Osservando il cambiamento delle aspettative e dei desideri dei consumatori quando vanno in uno store fisico, si nota la caduta dell’assioma secondo cui la finalità di un negozio è la transazione economica. Molte persone vedono il negozio come una specie di “parco giochi” dove si può imparare cose nuove ed esprimere un senso di appartenenza, uno stile o una particolare attitudine. Quindi un luogo dove i nuovi shopper si aspettano più un’esperienza ludica, ricreativa o informativa piuttosto che di concludere un acquisto. L’importanza dell’esperienza di contesto e della sfera emotiva è dimostrato da questo dato: più dell’ 85% dei consumatori di tutto il mondo dichiara di essere disposto a pagare fino a un quarto in più del prezzo base di un prodotto in cambio di un’esperienza rilevante da ricordare. Da ciò si può dedurre che il punto vendita diventa un punto di esperienza che viene percepito non più come un have-to-go-place ma come un want-to-go-place; quindi un contenitore di esperienze appaganti dove lo shopper non ha l’onere di andare, ma il desiderio e il piacere di stare.

Come abbiamo detto all’inizio di questo articolo, il consumatore è condizionato da emozioni e fantasie, nonché dal proprio vissuto, e “quando fa shopping non cerca solo le informazioni necessarie a una scelta funzionale e utilitarista, ma desidera esporsi alla stimolazione sensoriale e ludica, per soddisfare bisogni estetici e ottenere gratificazioni secondo il principio del piacere” (Kotler, Stigliano, p.69, 2018).

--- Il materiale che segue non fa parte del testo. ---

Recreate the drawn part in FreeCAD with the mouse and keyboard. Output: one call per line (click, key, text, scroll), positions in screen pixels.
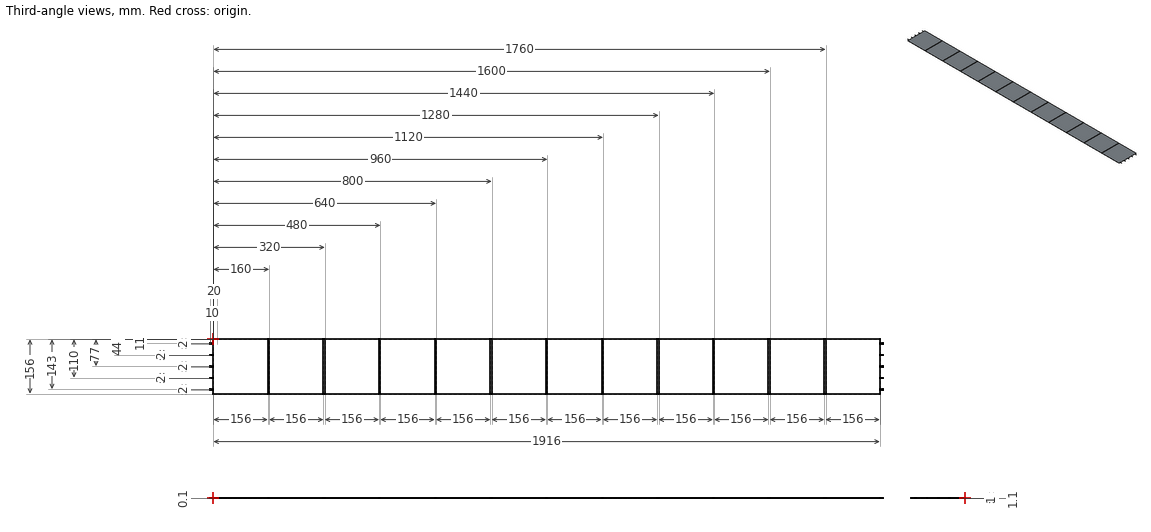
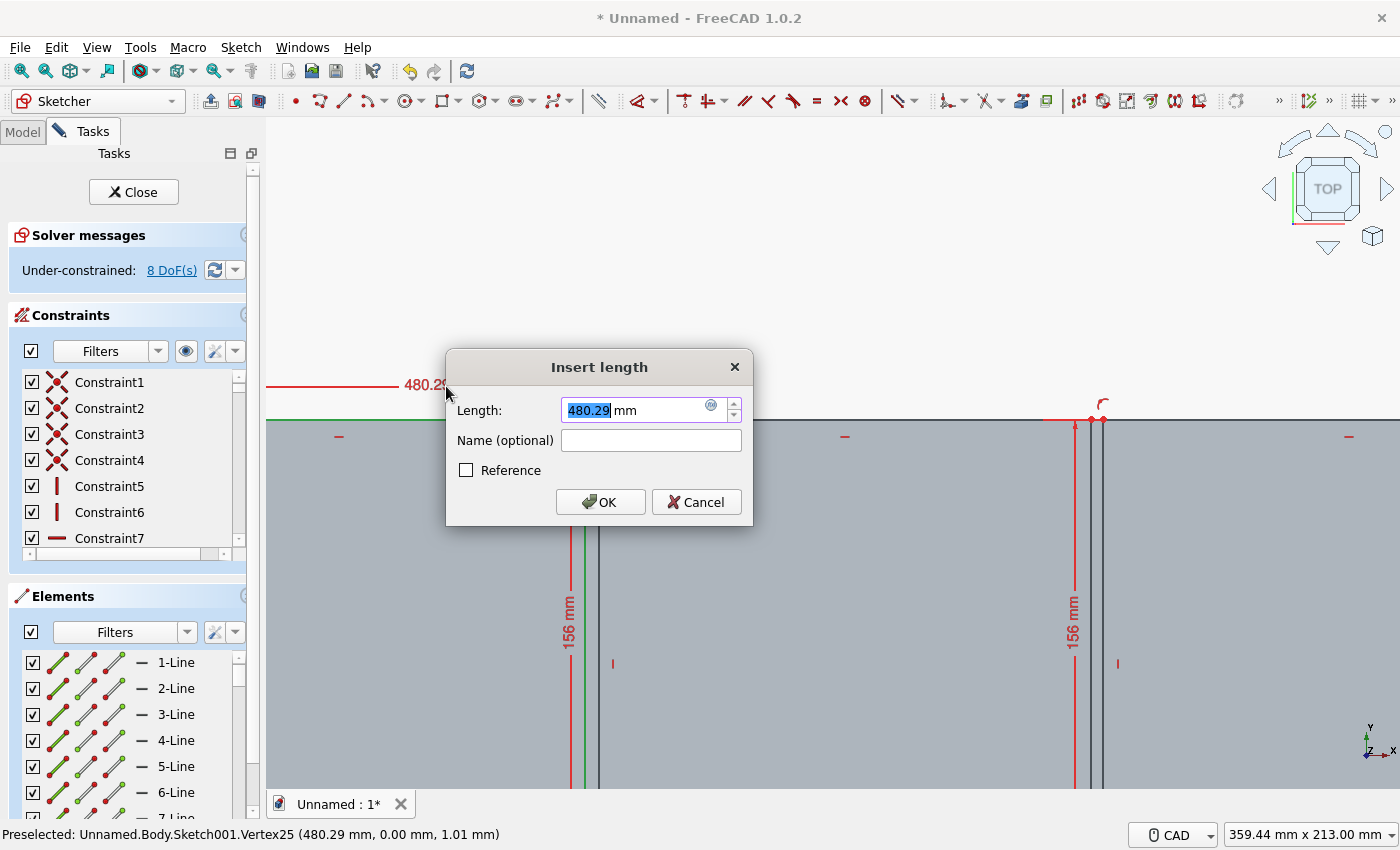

Quindi la componente esplorativa e quella relazionale sono parte integrante del retailing e devono essere valorizzati anche quando non si traducono in un transazione perché solo in questo modo i retailer potranno instaurare una connessione emotiva con i propri clienti e dare delle risposte a le loro aspirazioni che il digitale non riesce a dare. I negozi fisici devono diventare dei luoghi “magici” da vivere dove il cliente compie un processo di costruzione identitaria del sé per poi trasformarsi piano piano in lifestyle marketplace, dei luoghi dove alle persone viene data la possibilità di esplorare il mondo intrinsecamente legato ai prodotti o ai brand.

Il negozio fisico deve essere visto come uno spazio di incontro creativo tra consumatore e brand. “Una meta attraente nella quale le persone si possono immergere e i valori della marca non solo vengono messi in mostra, ma fatti vivere in prima persona, e la cifra del successo non è data dall’incremento nelle vendite, ma dalla narrazione che vi è dentro” (Kotler, stigliano, p.73, 2018). Da ciò possiamo dedurre che se un acquisto nell’era digitale può essere concluso ovunque, la peculiarità assoluta di un negozio fisico deve essere la custode experience.